Some musings on how to use protocols and abstract classes as interfaces in Python.

7 min read

I’ve been working on some applications of metaheuristics to solving optimization problems (more on that in a future post), and this led me into a rabbit hole on how to properly define my interfaces in Python. It started with a project at work where I’m building a logistics optimization module, using metaheuristics algorithms like simulated annealing. In anticipation of experimenting with various methods, as well as redefining the problem in different ways, I tried to find the correct way to abstract the setup into a Problem interface, a Solution interface and an Optimizer interface.1

My first hunch was to use abstract classes to define the interfaces that my problem should follow. The idea behind abstract classes is to define the methods and attributes a family of classes is expected to have, while leaving the implementation to the children classes.

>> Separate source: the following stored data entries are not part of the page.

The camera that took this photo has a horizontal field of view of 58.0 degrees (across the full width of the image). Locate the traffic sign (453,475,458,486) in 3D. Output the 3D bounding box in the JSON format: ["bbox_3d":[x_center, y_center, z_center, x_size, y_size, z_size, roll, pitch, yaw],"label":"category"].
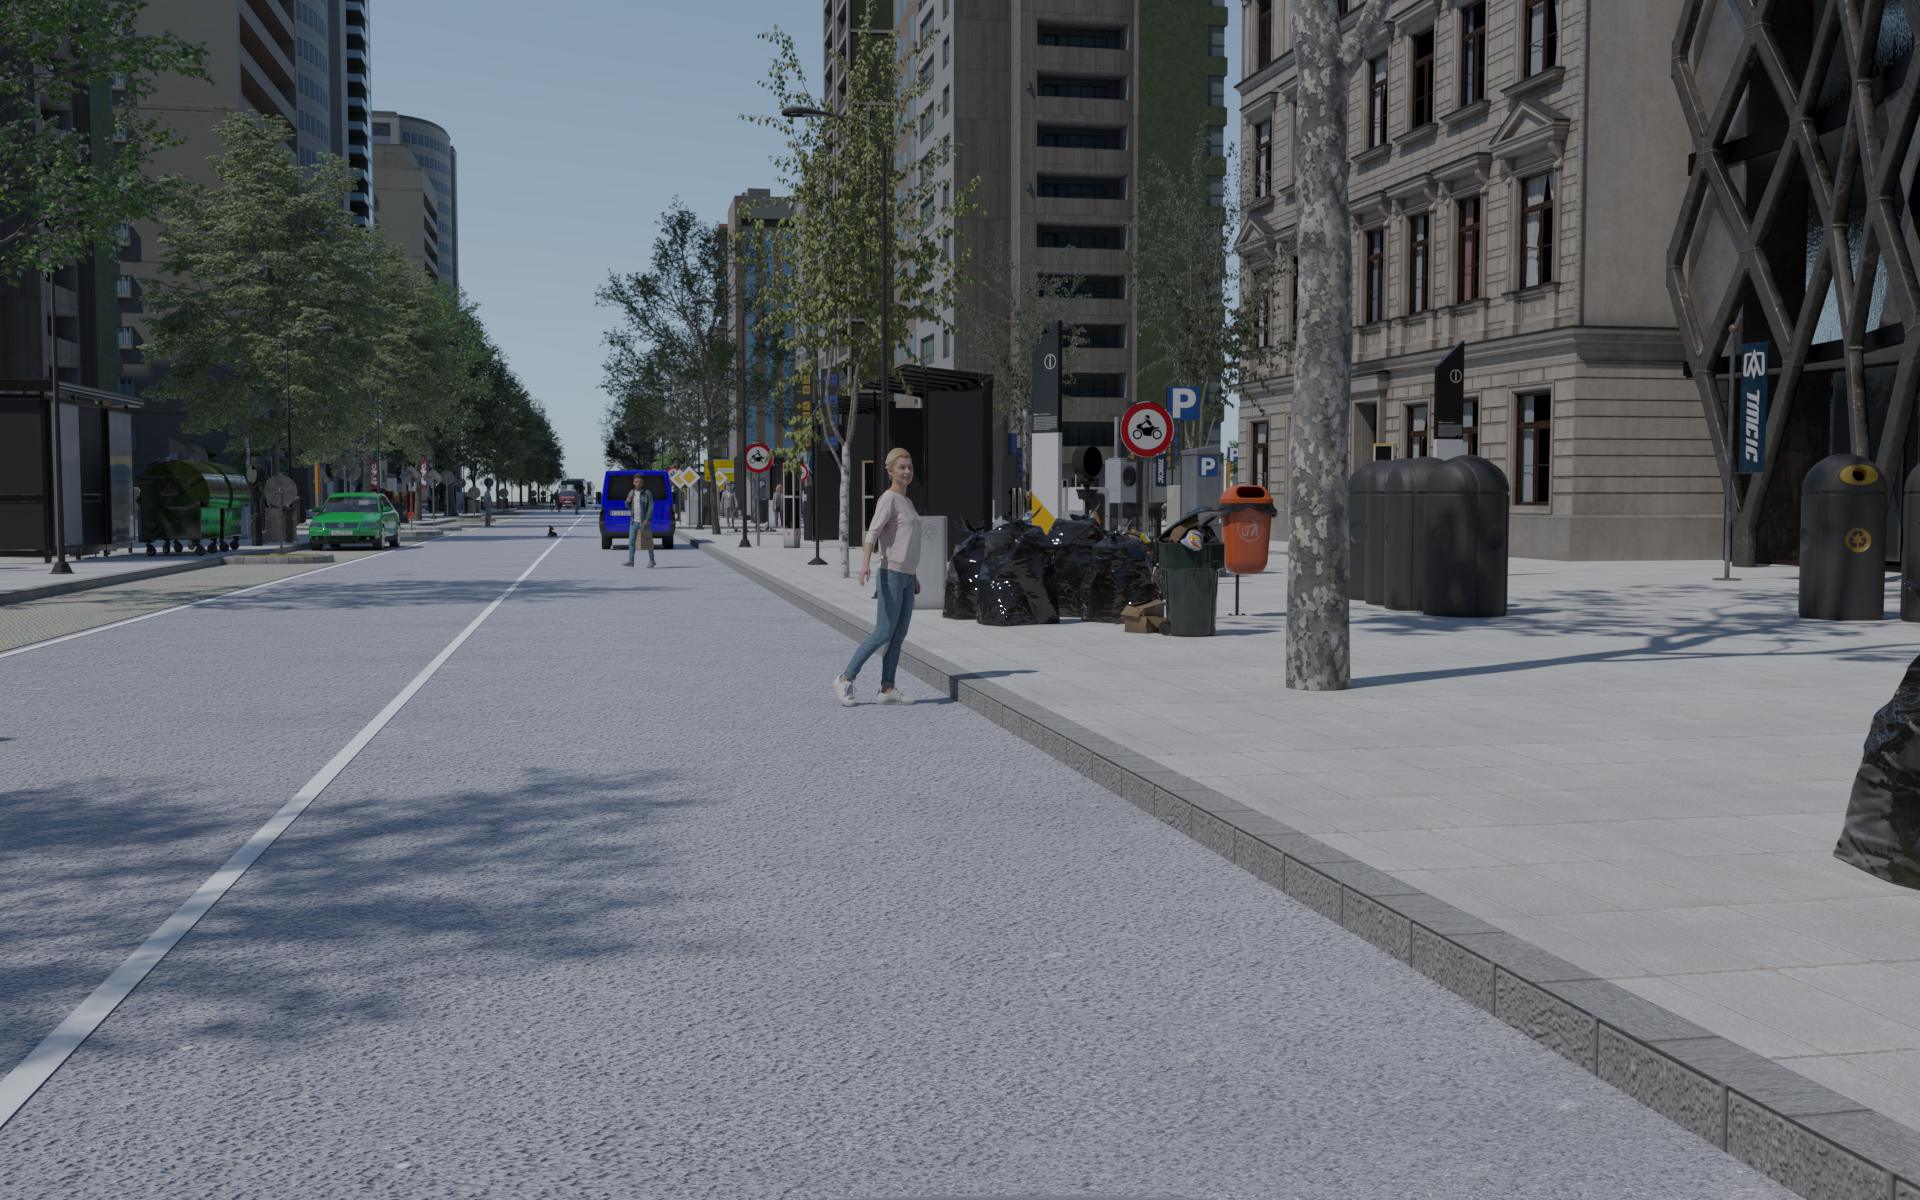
[{"bbox_3d":[-33.843,-7.054,115.443,0.768,2.556,0.104,-1,4,-10],"label":"traffic sign"}]

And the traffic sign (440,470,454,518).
[{"bbox_3d":[-27.574,-5.688,93.097,0.768,2.556,0.104,-1,4,-10],"label":"traffic sign"}]

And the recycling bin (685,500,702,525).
[{"bbox_3d":[-11.047,-3.651,72.242,0.722,1.027,0.722,-1,4,-17],"label":"recycling bin"}]

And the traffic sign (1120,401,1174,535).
[{"bbox_3d":[2.561,-1.454,23.874,0.768,2.556,0.104,-1,4,-11],"label":"traffic sign"}]

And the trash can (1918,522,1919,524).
[{"bbox_3d":[5.321,0.170,8.881,0.748,1.137,0.748,0,3,0],"label":"trash can"}]

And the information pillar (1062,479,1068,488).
[{"bbox_3d":[5.218,-5.053,87.107,0.304,2.012,0.304,-1,4,-19],"label":"information pillar"}]

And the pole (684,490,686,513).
[{"bbox_3d":[-19.045,-7.733,120.285,0.158,3.312,0.155,0,3,0],"label":"pole"}]

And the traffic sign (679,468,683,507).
[{"bbox_3d":[-13.842,-5.209,85.269,0.768,2.556,0.104,0,4,-4],"label":"traffic sign"}]

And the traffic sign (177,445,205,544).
[{"bbox_3d":[-19.773,-2.724,44.644,0.768,2.556,0.104,-1,4,-9],"label":"traffic sign"}]

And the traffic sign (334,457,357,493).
[{"bbox_3d":[-21.121,-3.635,59.538,0.768,2.556,0.104,0,4,-4],"label":"traffic sign"}]

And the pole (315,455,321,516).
[{"bbox_3d":[-29.725,-5.279,80.148,0.158,3.312,0.155,0,3,0],"label":"pole"}]

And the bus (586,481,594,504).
[{"bbox_3d":[-53.374,-15.322,245.369,2.948,3.499,13.247,-1,4,-10],"label":"bus"}]

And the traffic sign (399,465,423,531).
[{"bbox_3d":[-19.036,-3.452,60.090,0.795,2.450,0.064,-1,4,-12],"label":"traffic sign"}]

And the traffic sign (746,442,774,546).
[{"bbox_3d":[-4.984,-2.609,42.766,0.768,2.556,0.104,-1,4,-11],"label":"traffic sign"}]

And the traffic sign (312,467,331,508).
[{"bbox_3d":[-30.567,-5.074,82.962,0.884,2.594,0.081,0,4,-4],"label":"traffic sign"}]

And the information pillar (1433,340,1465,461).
[{"bbox_3d":[7.425,-2.138,26.313,0.504,3.616,0.183,-1,4,-19],"label":"information pillar"}]

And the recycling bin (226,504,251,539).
[{"bbox_3d":[-20.726,-2.263,49.555,0.722,1.027,0.722,-1,4,-14],"label":"recycling bin"}]

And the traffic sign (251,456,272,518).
[{"bbox_3d":[-18.913,-2.734,46.828,0.606,2.300,0.079,0,4,-3],"label":"traffic sign"}]

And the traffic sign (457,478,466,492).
[{"bbox_3d":[-40.487,-8.597,140.668,0.768,2.556,0.104,0,4,-4],"label":"traffic sign"}]

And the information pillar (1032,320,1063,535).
[{"bbox_3d":[1.193,-1.967,23.522,0.504,3.616,0.183,3,5,44],"label":"information pillar"}]

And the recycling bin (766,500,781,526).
[{"bbox_3d":[-7.460,-3.556,70.693,0.722,1.027,0.722,1,4,17],"label":"recycling bin"}]

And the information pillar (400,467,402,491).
[{"bbox_3d":[-42.969,-8.646,132.720,0.504,3.616,0.183,1,4,15],"label":"information pillar"}]

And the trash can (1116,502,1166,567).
[{"bbox_3d":[3.258,-1.159,30.606,0.748,1.137,0.748,0,3,0],"label":"trash can"}]

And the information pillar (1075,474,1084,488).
[{"bbox_3d":[3.773,-3.002,53.577,0.304,2.012,0.304,-3,5,-44],"label":"information pillar"}]

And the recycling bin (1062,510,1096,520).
[{"bbox_3d":[1.683,-0.874,26.838,0.722,1.027,0.722,0,4,-7],"label":"recycling bin"}]

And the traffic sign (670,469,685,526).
[{"bbox_3d":[-11.286,-4.047,69.803,0.795,2.450,0.064,-1,4,-12],"label":"traffic sign"}]

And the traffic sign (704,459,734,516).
[{"bbox_3d":[-13.830,-6.572,101.317,2.265,3.308,0.079,0,4,-3],"label":"traffic sign"}]

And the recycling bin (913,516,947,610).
[{"bbox_3d":[-0.524,-0.426,19.515,0.722,1.027,0.722,0,4,-4],"label":"recycling bin"}]

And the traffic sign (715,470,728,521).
[{"bbox_3d":[-11.589,-5.028,83.397,0.795,2.450,0.064,-1,4,-8],"label":"traffic sign"}]

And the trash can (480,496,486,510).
[{"bbox_3d":[-37.344,-7.609,136.063,0.748,1.137,0.748,0,3,0],"label":"trash can"}]

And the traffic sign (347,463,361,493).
[{"bbox_3d":[-23.909,-4.153,68.002,0.768,2.556,0.104,0,4,-6],"label":"traffic sign"}]

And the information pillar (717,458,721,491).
[{"bbox_3d":[-15.805,-7.352,111.552,0.504,3.616,0.183,1,4,11],"label":"information pillar"}]

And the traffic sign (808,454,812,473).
[{"bbox_3d":[-4.063,-3.094,50.690,0.768,2.556,0.104,0,4,-5],"label":"traffic sign"}]

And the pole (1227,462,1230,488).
[{"bbox_3d":[12.909,-5.467,83.229,0.158,3.312,0.155,0,3,0],"label":"pole"}]

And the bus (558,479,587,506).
[{"bbox_3d":[-44.565,-12.544,199.958,2.948,3.499,13.247,-1,4,-10],"label":"bus"}]

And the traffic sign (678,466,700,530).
[{"bbox_3d":[-9.682,-3.568,61.981,0.795,2.450,0.064,-1,4,-12],"label":"traffic sign"}]

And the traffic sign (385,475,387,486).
[{"bbox_3d":[-30.556,-5.560,93.041,0.606,2.300,0.079,-1,4,-9],"label":"traffic sign"}]

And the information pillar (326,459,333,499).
[{"bbox_3d":[-40.550,-7.347,111.478,0.183,3.616,0.504,2,4,28],"label":"information pillar"}]

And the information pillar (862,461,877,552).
[{"bbox_3d":[-2.011,-2.077,38.454,0.304,2.012,0.304,0,4,-7],"label":"information pillar"}]

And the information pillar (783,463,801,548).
[{"bbox_3d":[-3.999,-2.243,41.161,0.304,2.012,0.304,2,4,24],"label":"information pillar"}]

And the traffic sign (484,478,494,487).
[{"bbox_3d":[-36.771,-8.263,135.199,0.768,2.556,0.104,-1,4,-9],"label":"traffic sign"}]

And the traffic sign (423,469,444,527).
[{"bbox_3d":[-20.641,-3.931,67.912,0.795,2.450,0.064,-1,4,-12],"label":"traffic sign"}]

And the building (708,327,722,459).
[{"bbox_3d":[-36.264,-32.135,297.105,14.160,30.474,14.107,-1,4,-12],"label":"building"}]

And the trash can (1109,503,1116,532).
[{"bbox_3d":[4.734,-2.576,53.764,0.748,1.137,0.748,0,3,0],"label":"trash can"}]

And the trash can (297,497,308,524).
[{"bbox_3d":[-28.609,-3.869,74.912,0.748,1.137,0.748,0,3,0],"label":"trash can"}]

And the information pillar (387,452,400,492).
[{"bbox_3d":[-29.485,-6.026,89.874,0.504,3.616,0.183,1,4,8],"label":"information pillar"}]

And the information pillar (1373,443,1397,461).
[{"bbox_3d":[6.196,-1.272,25.297,0.304,2.012,0.304,1,4,23],"label":"information pillar"}]

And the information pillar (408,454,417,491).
[{"bbox_3d":[-28.153,-5.983,89.169,0.504,3.616,0.183,-1,4,-21],"label":"information pillar"}]

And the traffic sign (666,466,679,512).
[{"bbox_3d":[-13.222,-4.889,80.048,0.768,2.556,0.104,0,4,-2],"label":"traffic sign"}]

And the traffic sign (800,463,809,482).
[{"bbox_3d":[-6.619,-4.363,71.449,0.768,2.556,0.104,0,4,-3],"label":"traffic sign"}]

For example, if we assume the Problem interface should evaluate the cost function, and the Solution interface should allow to coerce the abstract solution into a numerical vector, this is what it would look like:

from abc import ABC, abstractmethod
import numpy as np

class Solution(ABC):
    """Abstract solution interface."""

    @abstractmethod
    def get_vector(self) -> np.typing.NDArray[np.float64]:
        pass

class Problem(ABC):
    """Abstract problem interface."""

    @abstractmethod
    def evaluate_cost(self, solution: Solution, *args, **kwargs) -> float:
        pass

To define the abstract classes, you just need to inherit from the ABC class and decorate all the interface methods with @abstractmethod. This decorator enforces that any descendant class will need to implement these methods explicitly. For example, if we want to implement some specific problems, we just subclass the abstract classes:

import numpy as np

class PhiFourProblem(Problem):
    """Problem describing the Phi-4 potential in physical systems."""

    def __init__(self, critical_temperature: float, a: float, b: float) -> None:
        self.critical_temperature = critical_temperature
        self.a = a
        self.b = b

    def evaluate_cost(self, solution: Solution, temperature: float) -> float:
        diff = temperature - self.critical_temperature
        vector = solution.get_vector()
        phi_squared = np.dot(vector, vector)
        potential = self.a * diff * phi_squared + (self.b / 2) * phi_squared ** 2
        return potential

class PhiFourSolution(Solution):
    """Solution of the Phi-4 potential as a vector of real numbers."""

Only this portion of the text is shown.